The alphabet is Σ = { a, b }. Indicate the number of processing steps for the given input string.
- G = { a*|b, a*, b*|a }, input string = aababb
NFA
The following is the result of applying Thompson's algorithm. State 8 recognizes the first expression (token T1); state 12 recognizes token T2; and state 20 recognizes token T3.
<graph> digraph nfa {
{ node [shape=circle style=invis] s }
rankdir=LR; ratio=0.5
node [shape=doublecircle,fixedsize=true,width=0.2,fontsize=10]; 8 12 20
node [shape=circle,fixedsize=true,width=0.2,fontsize=10];
s -> 0
0 -> 1 1 -> 2 1 -> 6 2 -> 3 2 -> 5 3 -> 4 [label="a",fontsize=10] 4 -> 3 4 -> 5 5 -> 8 6 -> 7 [label="b",fontsize=10] 7 -> 8
0 -> 9 9 -> 10 9 -> 12 10 -> 11 [label="a",fontsize=10] 11 -> 10 11 -> 12
0 -> 13 13 -> 14 13 -> 18 14 -> 15 14 -> 17 15 -> 16 [label="b",fontsize=10] 16 -> 15 16 -> 17 17 -> 20 18 -> 19 [label="a",fontsize=10] 19 -> 20 fontsize=10
} </graph>
DFA
Determination table for the above NFA:
| In | α∈Σ | move(In, α) | ε-closure(move(In, α)) | In+1 = ε-closure(move(In, α)) |
|---|---|---|---|---|
| - | - | 0 | 0, 1, 2, 3, 5, 6, 8, 9, 10, 12, 13, 14, 15, 17, 18, 20 | 0 (T1) |
| 0 | a | 4, 11, 19 | 3, 4, 5, 8, 10, 11, 12, 19, 20 | 1 (T1) |
| 0 | b | 7, 16 | 7, 8, 15, 16, 17, 20 | 2 (T1) |
| 1 | a | 4, 11 | 3, 4, 5, 8, 10, 11, 12 | 3 (T1) |
| 1 | b | - | - | - |
| 2 | a | - | - | - |
| 2 | b | 16 | 15, 16, 17, 20 | 4 (T3) |
| 3 | a | 4, 11 | 3, 4, 5, 8, 10, 11, 12 | 3 (T1) |
| 3 | b | - | - | - |
| 4 | a | - | - | - |
| 4 | b | 16 | 15, 16, 17, 20 | 4 (T3) |
Graphically, the DFA is represented as follows:
<graph> digraph dfa {
{ node [shape=circle style=invis] s }
rankdir=LR; ratio=0.5
node [shape=doublecircle,fixedsize=true,width=0.2,fontsize=10]; 0 1 2 3 4
node [shape=circle,fixedsize=true,width=0.2,fontsize=10];
s -> 0
0 -> 1 [label="a",fontsize=10]
0 -> 2 [label="b",fontsize=10]
1 -> 3 [label="a",fontsize=10]
2 -> 4 [label="b",fontsize=10]
3 -> 3 [label="a",fontsize=10]
4 -> 4 [label="b",fontsize=10]
fontsize=10
} </graph>
The minimization tree is as follows. Note that before considering transition behavior, states are split according to the token they recognize.
<graph> digraph mintree {
node [shape=none,fixedsize=true,width=0.3,fontsize=10]
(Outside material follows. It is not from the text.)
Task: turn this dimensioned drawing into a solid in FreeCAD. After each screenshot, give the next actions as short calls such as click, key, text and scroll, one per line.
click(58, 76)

"{0, 1, 2, 3, 4}" -> "{}" [label="NF",fontsize=10]
"{0, 1, 2, 3, 4}" -> "{0, 1, 2, 3, 4} " [label=" F",fontsize=10]
"{0, 1, 2, 3, 4} " -> "{0, 1, 2, 3}" [label=" T1",fontsize=10]
"{0, 1, 2, 3, 4} " -> "{4}" [label=" T3",fontsize=10]
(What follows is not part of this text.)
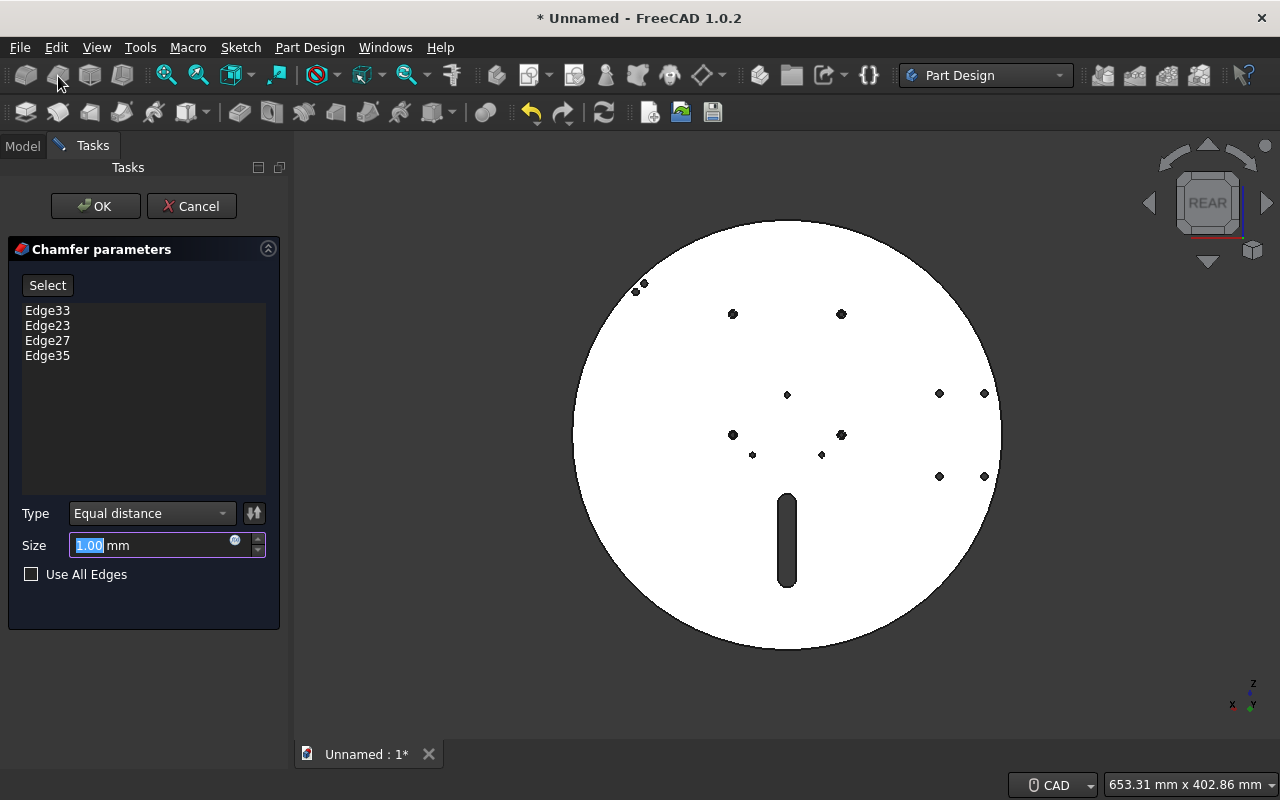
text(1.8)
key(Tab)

"{0, 1, 2, 3}" -> "{0, 1, 3}" [label=" a",fontsize=10]
"{0, 1, 2, 3}" -> "{2}" //[label=" a",fontsize=10]
"{0, 1, 3}" -> "{0}" [label=" b",fontsize=10]
"{0, 1, 3}" -> "{1,3}" //[label=" b",fontsize=10]
fontsize=10
//label="Minimization tree"
} </graph>
The tree expansion for non-splitting sets has been omitted for simplicity ("a" transitions for super-state {0, 1, 3}, and "a" and "b" transitions for super-state {1,3}).
Given the minimization tree, the final minimal DFA is as follows. Note that states 2 and 4 cannot be the same since they recognize different tokens.
<graph> digraph mindfa {
{ node [shape=circle style=invis] s }
rankdir=LR; ratio=0.5
node [shape=doublecircle,fixedsize=true,width=0.2,fontsize=10]; 0 13 2 4
node [shape=circle,fixedsize=true,width=0.2,fontsize=10];
s -> 0
0 -> 13 [label="a",fontsize=10]
0 -> 2 [label="b",fontsize=10]
13 -> 13 [label="a",fontsize=10]
2 -> 4 [label="b",fontsize=10]
4 -> 4 [label="b",fontsize=10]
fontsize=10
} </graph>
Input Analysis
| In | Input | In+1 / Token |
|---|---|---|
| 0 | aababb$ | 13 |
| 13 | ababb$ | 13 |
| 13 | babb$ | T1 (aa) |
| 0 | babb$ | 2 |
| 2 | abb$ | T1 (b) |
| 0 | abb$ | 13 |
| 13 | bb$ | T1 (a) |
| 0 | bb$ | 2 |
| 2 | b$ | 4 |
| 4 | $ | T3 (bb) |
The input string aababb is, after 10 steps, split into three tokens: T1 (corresponding to lexeme aa), T1 (b), T1 (a), and T3 (bb).